Preheat the oven to 375 degrees Fahrenheit and line a loaf pan with parchment paper. Alternatively, lightly grease the loaf pan to ensure the meatloaf won't stick.
Prepare the homemade ketchup glaze. Whisk together the tomato paste, maple syrup, apple cider vinegar, and tamari until smooth. Set aside.
½ cup tomato paste, ¼ cup maple syrup, 3 tablespoons apple cider vinegar, 2 tablespoons tamari
In a large mixing bowl, mash together the lentils and chickpeas using either a fork, potato masher or process together in a food processor and transfer back to the mixing bowl (my preferred method). Make sure there is some remaining texture and the lentils and chickpeas are not over processed (see photos in post for reference).
2 cups green lentils, 1 (14 ounce) can chickpeas
Add the oat flour, vegan Worcestershire, ½ cup of the homemade ketchup glaze, parsley, liquid smoke, Old Bay seasoning and black pepper and mix to combine.

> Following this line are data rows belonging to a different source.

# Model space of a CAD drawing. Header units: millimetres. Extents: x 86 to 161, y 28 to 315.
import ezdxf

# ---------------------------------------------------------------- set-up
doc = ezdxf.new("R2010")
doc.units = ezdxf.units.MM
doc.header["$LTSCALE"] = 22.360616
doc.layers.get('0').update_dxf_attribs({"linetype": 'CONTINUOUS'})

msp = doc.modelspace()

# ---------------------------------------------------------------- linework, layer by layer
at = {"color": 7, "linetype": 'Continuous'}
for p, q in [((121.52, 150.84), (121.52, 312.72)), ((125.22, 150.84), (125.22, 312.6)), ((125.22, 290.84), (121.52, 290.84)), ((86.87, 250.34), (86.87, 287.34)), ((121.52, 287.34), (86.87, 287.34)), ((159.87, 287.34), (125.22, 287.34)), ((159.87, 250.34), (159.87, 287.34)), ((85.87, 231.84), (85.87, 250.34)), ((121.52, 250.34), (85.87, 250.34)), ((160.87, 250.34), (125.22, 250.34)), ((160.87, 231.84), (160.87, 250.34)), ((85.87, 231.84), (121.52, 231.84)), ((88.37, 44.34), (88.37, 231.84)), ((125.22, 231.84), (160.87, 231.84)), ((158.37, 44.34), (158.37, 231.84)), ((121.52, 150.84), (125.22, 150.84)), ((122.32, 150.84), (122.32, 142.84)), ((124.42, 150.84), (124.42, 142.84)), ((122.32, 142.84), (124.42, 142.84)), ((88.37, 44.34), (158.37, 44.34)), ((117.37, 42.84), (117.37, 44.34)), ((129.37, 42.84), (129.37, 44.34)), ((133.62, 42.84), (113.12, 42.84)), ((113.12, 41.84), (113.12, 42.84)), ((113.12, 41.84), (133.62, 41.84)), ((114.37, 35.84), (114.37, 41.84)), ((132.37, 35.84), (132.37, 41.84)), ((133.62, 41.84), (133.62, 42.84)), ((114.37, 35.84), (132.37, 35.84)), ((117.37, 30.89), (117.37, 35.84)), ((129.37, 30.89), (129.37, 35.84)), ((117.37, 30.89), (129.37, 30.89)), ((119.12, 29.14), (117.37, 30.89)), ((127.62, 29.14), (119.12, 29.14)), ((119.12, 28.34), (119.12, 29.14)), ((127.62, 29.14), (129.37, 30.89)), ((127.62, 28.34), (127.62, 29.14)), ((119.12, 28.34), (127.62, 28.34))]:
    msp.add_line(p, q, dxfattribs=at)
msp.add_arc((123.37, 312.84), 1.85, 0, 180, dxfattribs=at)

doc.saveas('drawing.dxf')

1 ⅓ cups oat flour, ½ cup vegan Worcestershire sauce, ½ cup homemade ketchup glaze, 3 tablespoons fresh parsley, 1 ½ teaspoons liquid smoke, 1 ½ teaspoon Old Bay seasoning, ¼ teaspoon black pepper
In a large skillet, sauté the diced onion, minced garlic and diced carrot in a tablespoon of oil (or broth if oil free) until soft and fragrant, 5 to 7 minutes.
1 sweet onion, 4 cloves garlic, 1 cup carrots
Once soft, add the onion, garlic and carrots into the meatloaf mixture and mix to combine.
Transfer the meatloaf mixture to the parchment lined loaf pan. Bake for 30 minutes on middle oven rack.
After 30 minutes, remove the loaf, top with the remaining ketchup glaze, then bake for additional 15 minutes.
Let cool for a minimum of 15 minutes in the loaf pan before serving.
Storage:
This loaf makes for excellent leftovers. Store in an airtight container in the refrigerator for up to 3 days.
Notes
Make sure to use cool lentils and chickpeas or they will over process easily into a paste.
If you use a food processor to dice the onion and/or carrot, it will release a lot more of the moisture in these foods compared to dicing with a knife. This will yield a more moist loaf and may require a 10-15 minute longer bake time.
How to make oat flour: Blitz rolled oats in a food processor until a fine texture is achieved - not a powder, but not large chunks either. If using a blender, pulse until correct texture is achieved. Avoid blending into a super fine powder - that makes for a drier meatloaf.
If you would like to substitute the oat flour with breadcrumbs, use 2 cups breadcrumbs.